» TASK DIRECTIONS
Write out every record below exactly as it appears.

» Data extracted from a collection
*** Block opens ***

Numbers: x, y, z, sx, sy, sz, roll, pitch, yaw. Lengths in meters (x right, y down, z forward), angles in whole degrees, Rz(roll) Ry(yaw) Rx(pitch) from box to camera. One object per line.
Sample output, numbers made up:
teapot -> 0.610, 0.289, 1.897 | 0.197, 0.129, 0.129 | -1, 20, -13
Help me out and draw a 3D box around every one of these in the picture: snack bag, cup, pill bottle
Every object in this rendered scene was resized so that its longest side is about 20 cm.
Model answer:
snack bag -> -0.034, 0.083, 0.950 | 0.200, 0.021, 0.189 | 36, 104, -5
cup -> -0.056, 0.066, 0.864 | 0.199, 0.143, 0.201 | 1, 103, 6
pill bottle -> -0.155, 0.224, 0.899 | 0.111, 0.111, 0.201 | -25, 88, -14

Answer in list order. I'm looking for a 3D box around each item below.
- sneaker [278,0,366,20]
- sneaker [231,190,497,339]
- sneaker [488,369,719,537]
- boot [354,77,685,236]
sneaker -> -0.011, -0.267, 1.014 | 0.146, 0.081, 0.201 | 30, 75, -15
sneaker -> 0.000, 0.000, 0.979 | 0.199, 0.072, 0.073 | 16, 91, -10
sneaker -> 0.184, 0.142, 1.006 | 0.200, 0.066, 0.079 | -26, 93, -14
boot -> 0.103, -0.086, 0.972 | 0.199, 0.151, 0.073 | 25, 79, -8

*** Block closes ***

» THE ANSWER
Numbers: x, y, z, sx, sy, sz, roll, pitch, yaw. Lengths in meters (x right, y down, z forward), angles in whole degrees, Rz(roll) Ry(yaw) Rx(pitch) from box to camera. One object per line.
Sample output, numbers made up:
teapot -> 0.610, 0.289, 1.897 | 0.197, 0.129, 0.129 | -1, 20, -13
Help me out and draw a 3D box around every one of these in the picture: snack bag, cup, pill bottle
Every object in this rendered scene was resized so that its longest side is about 20 cm.
Model answer:
snack bag -> -0.034, 0.083, 0.950 | 0.200, 0.021, 0.189 | 36, 104, -5
cup -> -0.056, 0.066, 0.864 | 0.199, 0.143, 0.201 | 1, 103, 6
pill bottle -> -0.155, 0.224, 0.899 | 0.111, 0.111, 0.201 | -25, 88, -14

Answer in list order. I'm looking for a 3D box around each item below.
- sneaker [278,0,366,20]
- sneaker [231,190,497,339]
- sneaker [488,369,719,537]
- boot [354,77,685,236]
sneaker -> -0.011, -0.267, 1.014 | 0.146, 0.081, 0.201 | 30, 75, -15
sneaker -> 0.000, 0.000, 0.979 | 0.199, 0.072, 0.073 | 16, 91, -10
sneaker -> 0.184, 0.142, 1.006 | 0.200, 0.066, 0.079 | -26, 93, -14
boot -> 0.103, -0.086, 0.972 | 0.199, 0.151, 0.073 | 25, 79, -8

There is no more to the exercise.